Suggestif: la christianisation est une intégration de valeurs, de mèmes sémitiques au sein de la culture classique (pas les premiers cependant). Il est tentant de voir l'extension de la lecture silencieuse comme une conséquence de cette sémitisation.
Enjeu: la lecture silencieuse est pratiquement une condition pour la lecture d'accès direct, la lecture sonore oblige au séquentiel.

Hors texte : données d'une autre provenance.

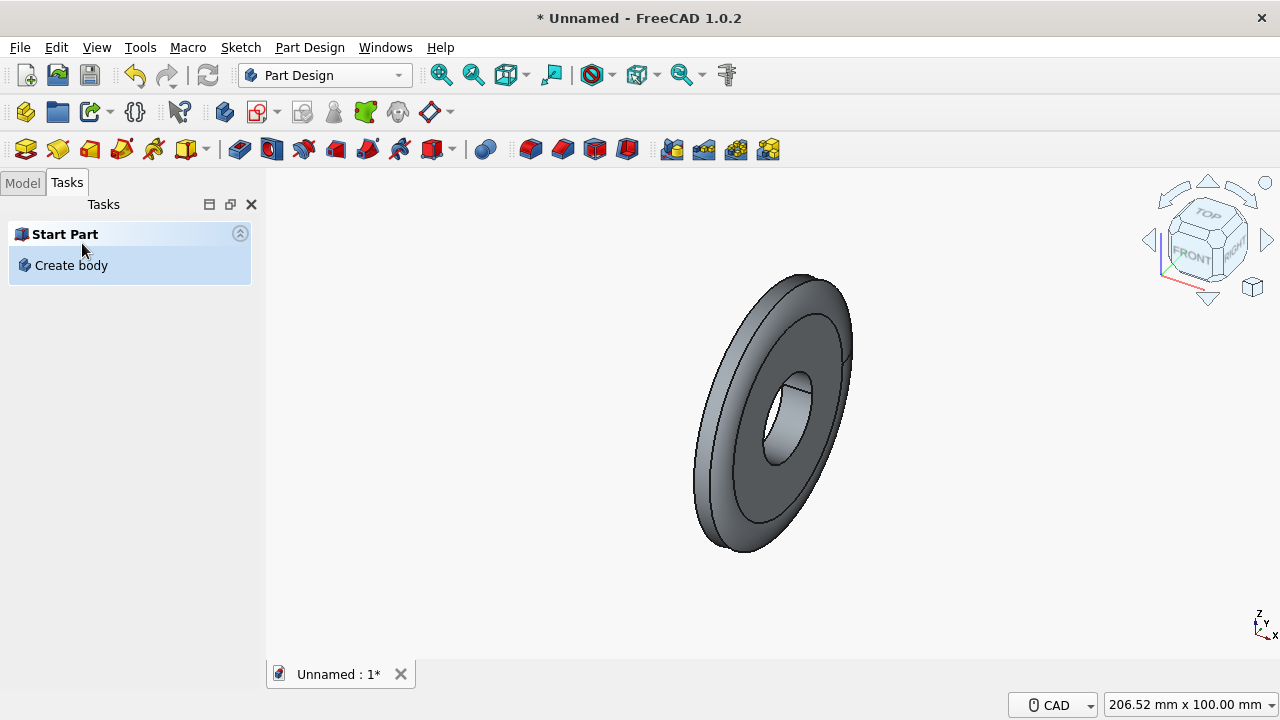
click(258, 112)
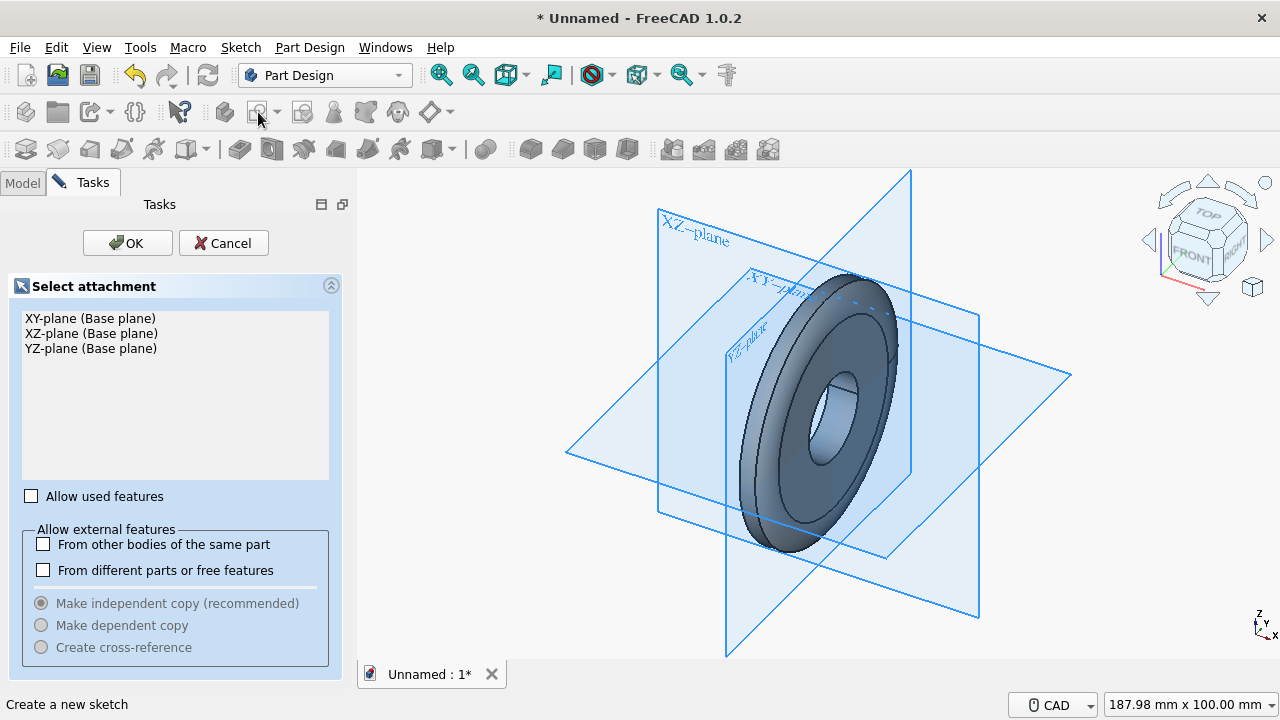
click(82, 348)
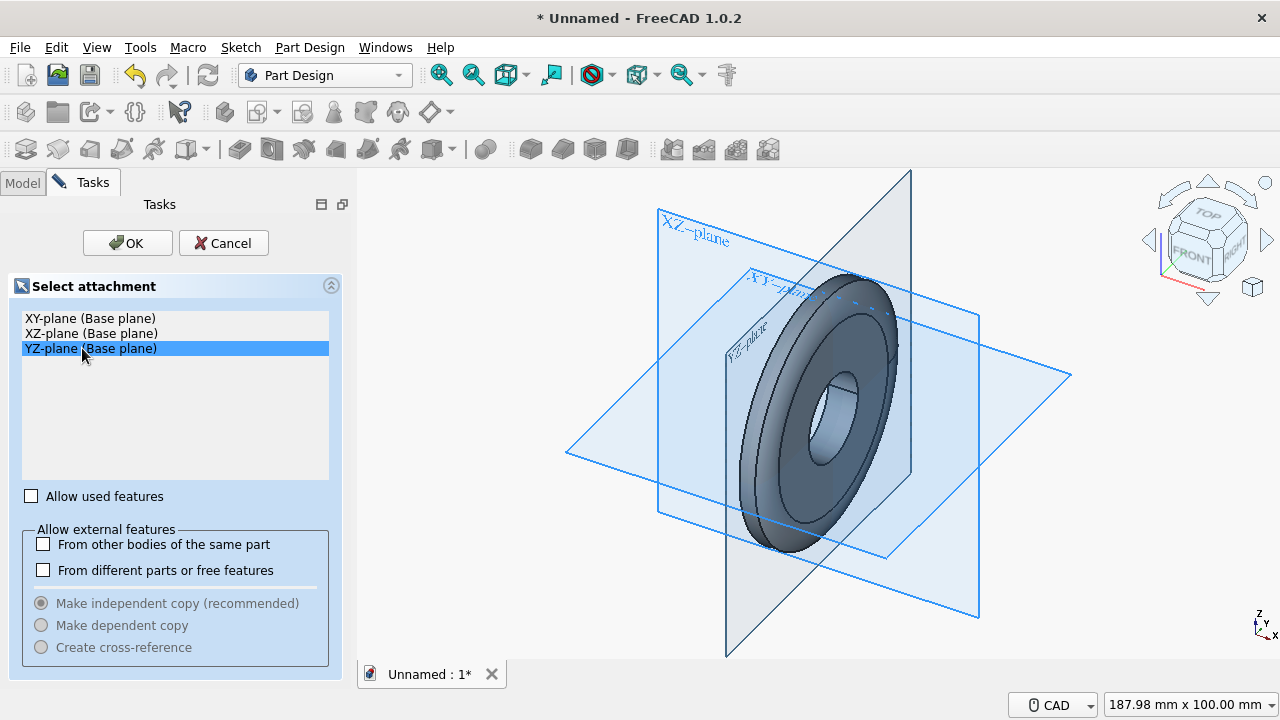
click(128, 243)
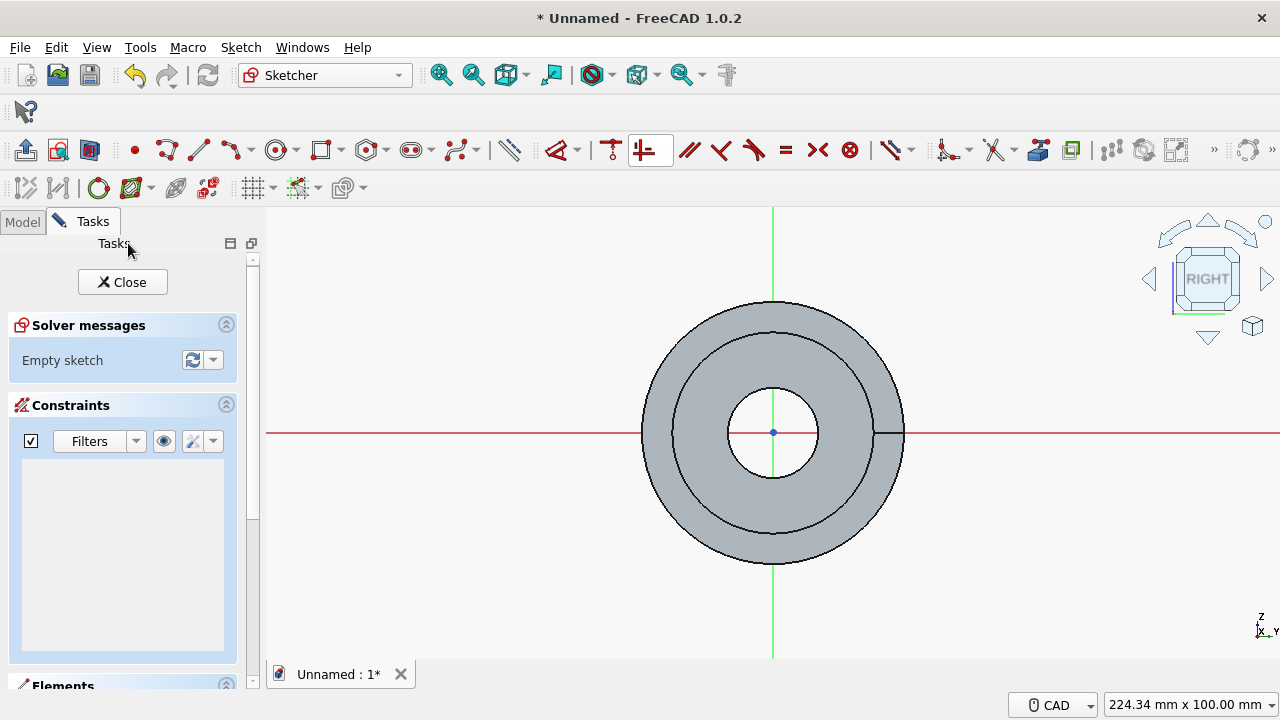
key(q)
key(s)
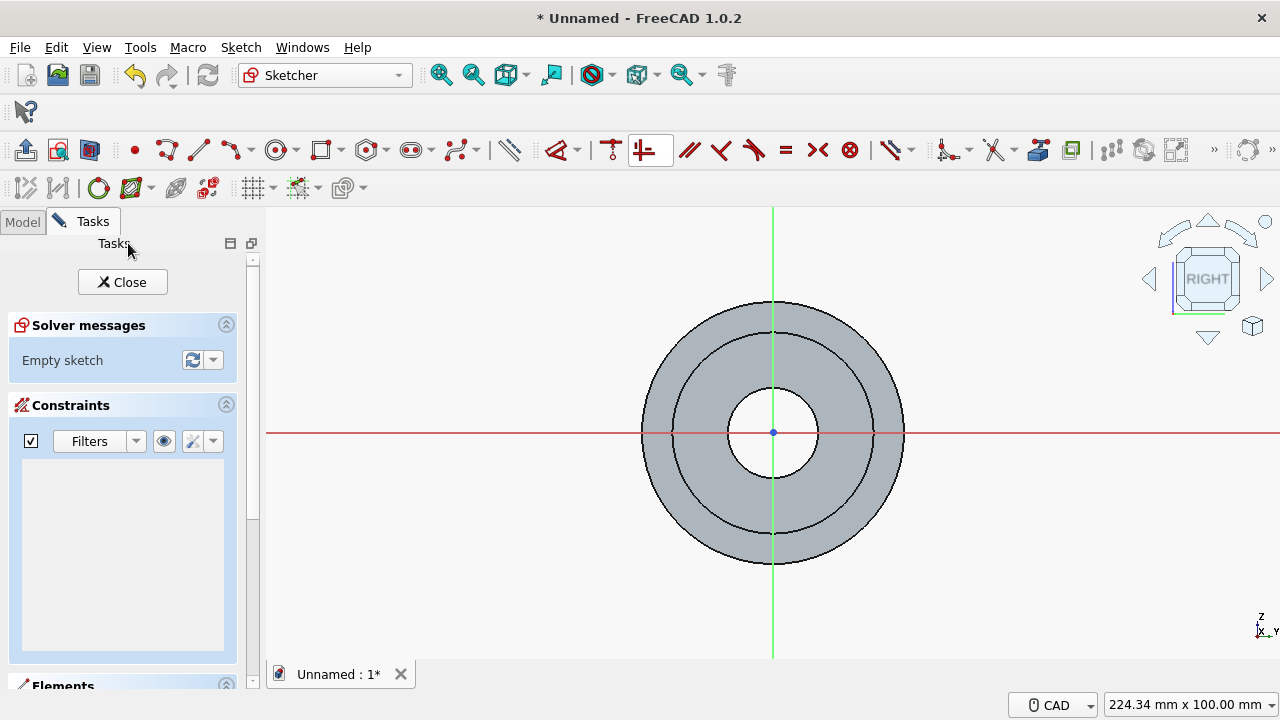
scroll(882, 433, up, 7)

Dans l'Hippolyte d'Euripide, Thésée lit en silence une lettre que tient Phèdre morte;
dans les Cavaliers d'Aristophane, Démosthène lit en silence une tablette envoyée par un oracle;
d'après Plutarque (la Fortune d'Alexandre, fr. 340b), Alexandre lit en silence une lettre de sa mère, à l'étonnement de ses soldats (note 1);
dans le Criterium, Claude Ptolémée observe qu'il arrive qu'on lise en silence pour mieux se concentrer sur le sens des mots (note 2);
dans Plutarque (Brutus, v), César lit en silence devant Caton une lettre que lui a envoyé la soeur de celui-ci;
dans un prêche de Carême de 349, Saint Cyrille de Jérusalem encourage les femmes bouger leurs lèvres sans bruit lorsqu'elles lisent durant les cérémonies.
A remarquer la place que tient la correspondance privée dans ces exemples. Alors que la lecture à voix haute indique vers une pratique sociale, la lecture silencieuse fait signe du côté du privé, de l'intérieur, voire du secret. A remarquer aussi que tous ces exemples sont pris dans le corpus gréco-latin, rien qui vienne du domaine oriental.
A cette liste, un peu plus loin, Manguel ajoute une nouvelle occurence, trouvée dans Augustin lui-même. C'est dans les Confessions, en VIII, xii. Tout ce dossier serait à reprendre.

1. Mais voir le texte de Plutarque: Alexandre ne lit pas seul mais Hephestion avec lui, et la pratique, d'après la réaction d'Alexandre, ne semble pas exceptionnelle.
2. C'est l'enjeu de la différence des deux lectures: la lecture silencieuse est "meilleure", plus efficace quant à la compréhension et la rémémoration, dans cette mesure, c'est un progrès essentiel de l'acte de lecture lui-même et non seulement quant à son confort.

Citations:
Euripide: Hippolyte,850 env. (trad. Marie Delcourt)
Aristophane: Les Cavaliers, 1ère scène (trad. Alfonsi)
Plutarque: Sur la Fortune d'Alexandre (trad. d'apr. Babbit)
Plutarque: Brutus, V (trad. Latzarus)
Augustin: Confessions (trad.Tréhorel et Bouissou)

Citations faites, je cherche de quoi justifier mon affirmation supra selon quoi lecture et écriture seraient activités serviles. Je ne trouve rien chez Veyne, et chez Quignard cette citation de Septumius (?) : Amat qui scribet, paedicatur qui leget, que Q. traduit: "Celui qui écrit sodomise. Celui qui lit est sodomisé." Intéressant mais ce n'est pas du tout la même chose.
En passant: la façon dont, dans le même livre (Le Sexe et l'effroi) Q. rappelle l'épisode du jardin chez Augustin est inexacte (tendancieuse) bien que très assurée.